Collecting langchain-google-genai
  Downloading langchain_google_genai-2.1.12-py3-none-any.whl.metadata (7.1 kB)
Collecting google-ai-generativelanguage<1,>=0.7 (from langchain-google-genai)
  Downloading google_ai_generativelanguage-0.7.0-py3-none-any.whl.metadata (10 kB)
Collecting filetype<2,>=1.2 (from langchain-google-genai)
  Downloading filetype-1.2.0-py2.py3-none-any.whl.metadata (6.5 kB)
Collecting google-api-core!=2.0.*,!=2.1.*,!=2.10.*,!=2.2.*,!=2.3.*,!=2.4.*,!=2.5.*,!=2.6.*,!=2.7.*,!=2.8.*,!=2.9.*,<3.0.0,>=1.34.1 (from google-api-core[grpc]!=2.0.*,!=2.1.*,!=2.10.*,!=2.2.*,!=2.3.*,!=2.4.*,!=2.5.*,!=2.6.*,!=2.7.*,!=2.8.*,!=2.9.*,<3.0.0,>=1.34.1->google-ai-generativelanguage<1,>=0.7->langchain-google-genai)
  Downloading google_api_core-2.25.1-py3-none-any.whl.metadata (3.0 kB)
Collecting google-auth!=2.24.0,!=2.25.0,<3.0.0,>=2.14.1 (from google-ai-generativelanguage<1,>=0.7->langchain-google-genai)
  Downloading google_auth-2.40.3-py2.py3-none-any.whl.metadata (6.2 kB)
Collec

## 1. Import Necessary Libraries

In [37]:
import os
import json
import pandas as pd
import traceback
from langchain_huggingface import HuggingFaceEndpoint
from langchain_core.prompts import PromptTemplate
from langchain.chains import LLMChain
from langchain.chains import SequentialChain
from langchain_google_genai import ChatGoogleGenerativeAI
import PyPDF2

## 2. Environment Configuration

Next, we'll load the Hugging Face API key from a `.env` file. This is a good practice for managing sensitive information like API keys.

In [40]:
from dotenv import load_dotenv

load_dotenv()  # take environment variables from .env.

True

In [41]:
# Replace with your Hugging Face API Key
GOOGLE_API_KEY = os.getenv("GOOGLE_API_KEY")

## 3. LangChain Setup

Now we'll set up the core components of our LangChain application.
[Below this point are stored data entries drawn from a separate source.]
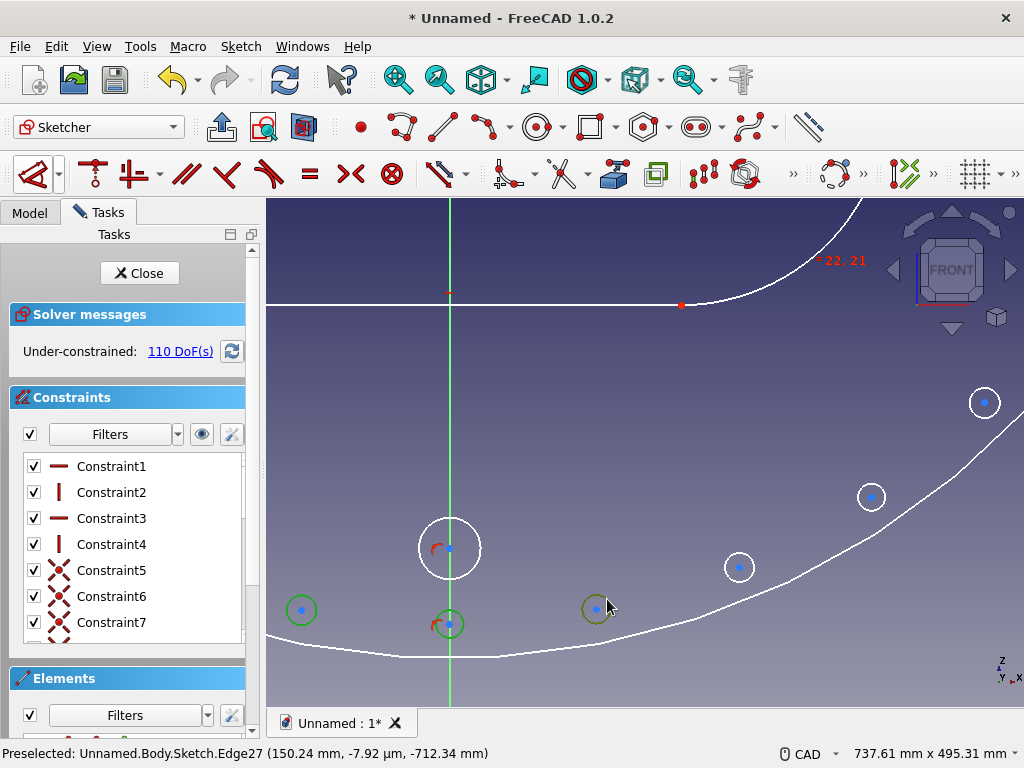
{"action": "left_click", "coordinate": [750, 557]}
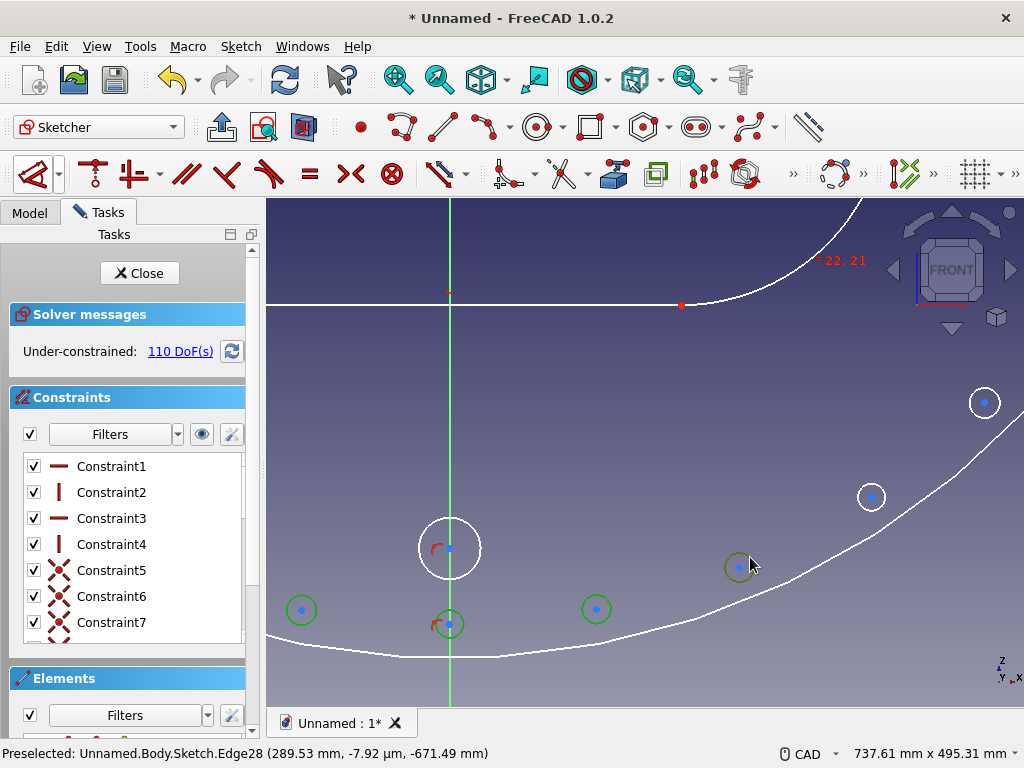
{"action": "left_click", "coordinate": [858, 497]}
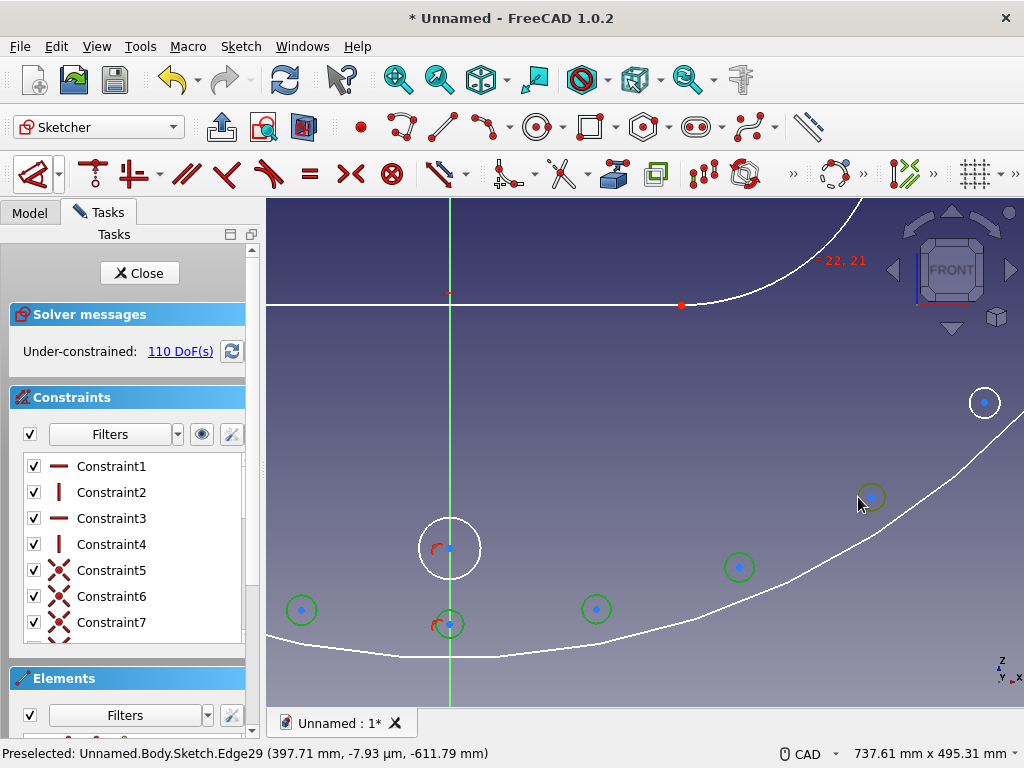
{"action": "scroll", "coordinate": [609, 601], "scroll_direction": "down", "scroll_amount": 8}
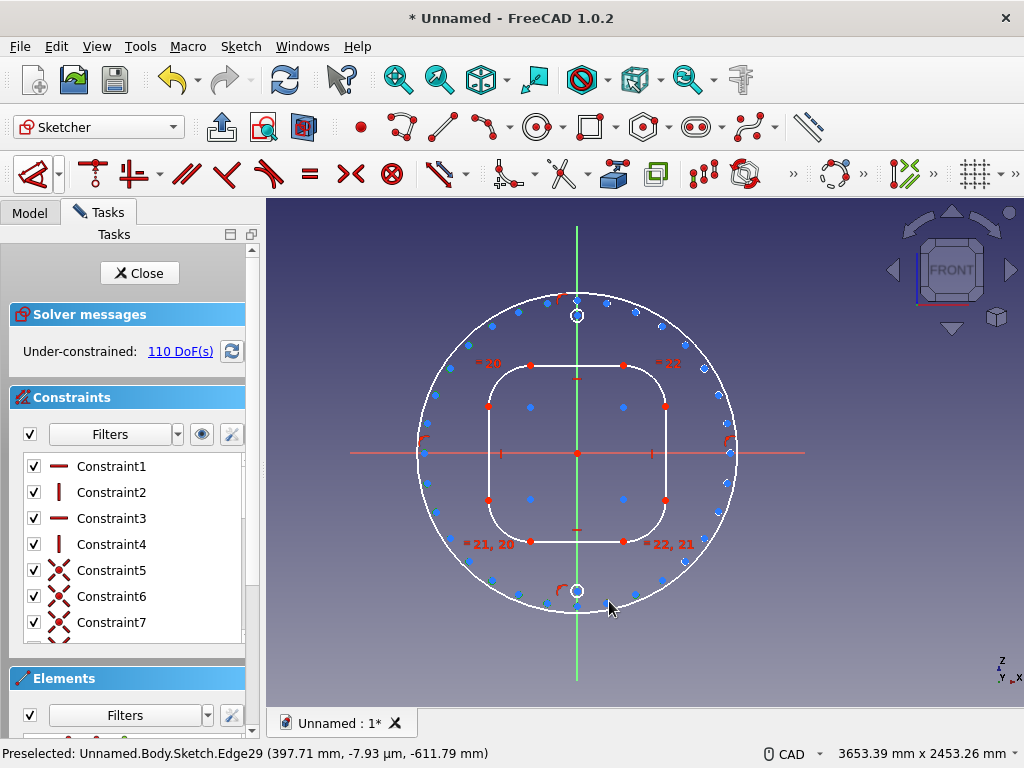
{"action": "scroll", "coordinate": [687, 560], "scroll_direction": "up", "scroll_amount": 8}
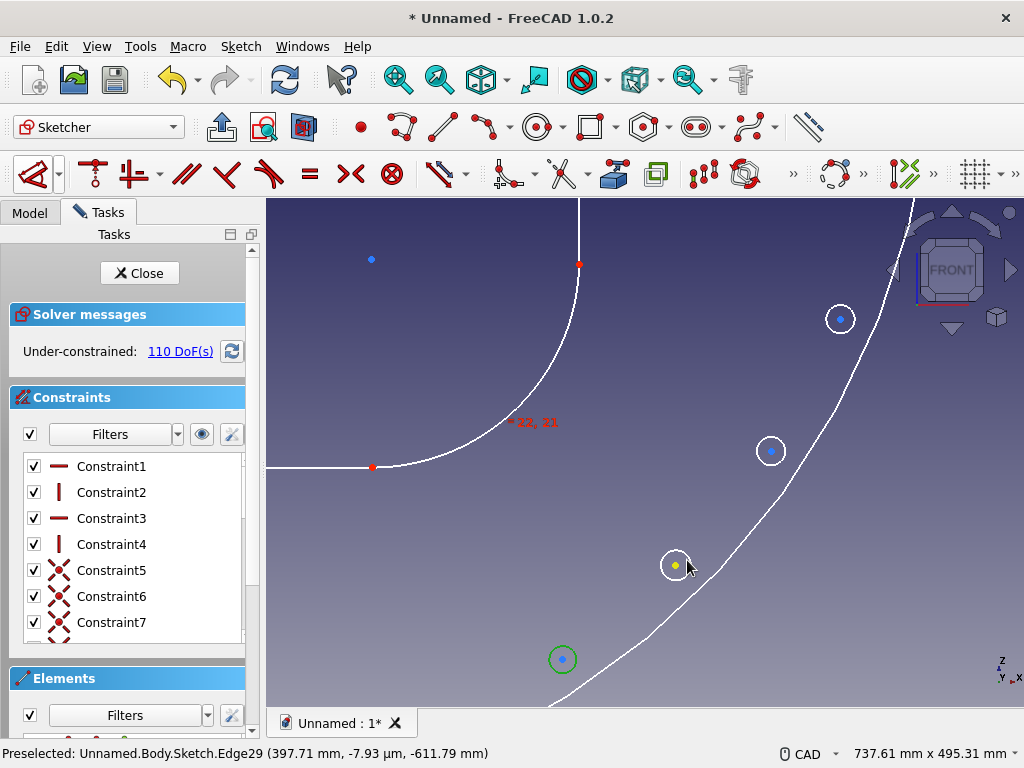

### 3.1. IMPORTANT: Accept Gemma's License Terms

Before using the `google/gemma-7b` model, you **must** visit its page on the Hugging Face Hub and accept the license terms. If you fail to do this, the API call will not work.

[Click here to go to the `google/gemma-7b` model page](https://huggingface.co/google/gemma-7b) and accept the terms.

### 3.2. Initialize the Language Model

We'll use the `google/gemma-7b` model from the Hugging Face Hub. It is a powerful text-generation model from Google.

In [42]:
repo_id = "mistralai/Mistral-7B-Instruct-v0.1"

In [55]:
# llm = HuggingFaceEndpoint(
#     repo_id=repo_id,
#     huggingfacehub_api_token=HUGGINGFACE_API_KEY,
#     task="text-generation",
#     max_new_tokens=512,
#     temperature=0.5
# )

# Initialize the Gemini-Pro model
llm = ChatGoogleGenerativeAI(model="gemini-1.5-flash-latest", temperature=0.7)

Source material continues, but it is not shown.